Gilbert shouts from the dining room for some ice. Andriy gets a bowl, fills it with ice cubes and takes it through. In a space between tables, Gilbert is struggling to staunch Zita’s wound, his big meaty hands amazingly deft at knotting the napkins into a tourniquet. The smell of cordite still hangs in the air. The young couple are gazing in stunned silence at Vitaly’s forehead, which has stopped oozing and started to congeal, and at their own congealing dinners. The girl is crying softly.

Suddenly, the front door of the restaurant opens. Andriy looks up, expecting to see the police or an ambulance crew, but in walks a big man holding a mobilfon in one hand and a bunch of flowers in the other. He looks like another diner in search of a pleasant meal who has opened the door and stumbled by chance across this terrible scene. But it isn’t just another diner—it is Vulk.

Vulk stops in the doorway and looks around slowly, as if he’s trying to make sense of the chaos. His jowly face reveals no emotion. Andriy backs away noiselessly, his heart pounding. Vulk walks across to look at Vitaly’s slumped body, and mutters something under his breath. Just as Andriy reaches the kitchen door Vulk looks up. Their eyes meet. Vulk lunges forward. Gilbert bars his way with a beefy arm.

“Sorry, sir. We’re closed.”

Vulk tries to push through, shouldering Gilbert aside, using the flowers as a flail, but Gilbert is as big as he is. He blocks his way.

“Didn’t you hear? We’re closed.”

“Hrr!” Vulk gives him another hefty shove and barges through to the kitchen. But in the moment’s grace that Gilbert’s intervention has bought him, Andriy has grabbed Irina, pulled her into the kitchen storeroom and, taking the key from the lock, has locked the door from the inside. Clack.

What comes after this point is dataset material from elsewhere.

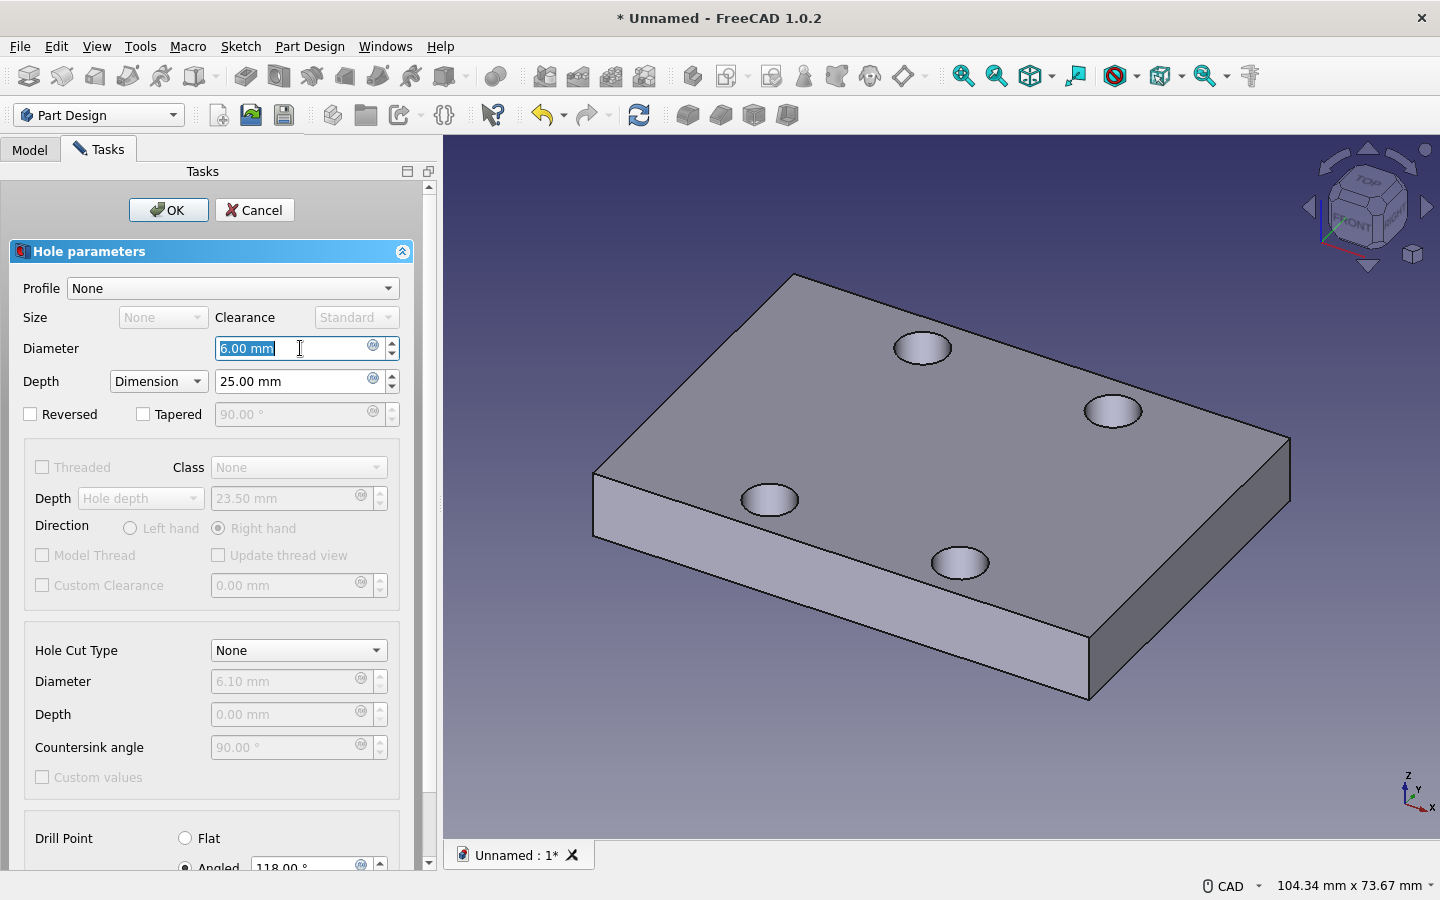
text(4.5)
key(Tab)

The storeroom is cool and smells of onions. The light switch is on the outside. In the darkness they wait and listen. She is shaking and whimpering. He grips her tight against him, putting his hand across her mouth to keep her quiet. He can feel her heart jumping around inside her chest. On the other side of the door they can hear Vulk still charging around. They hear a crash of plates and the metallic bounce of a saucepan rolling on the ground, and that voice, like a mad beast bellowing, “Little flower!” The storeroom door judders and the handle rattles, but the lock holds. Someone—it must be Vulk—switches the light on from the outside, and for a moment they gaze into each other’s terrified eyes.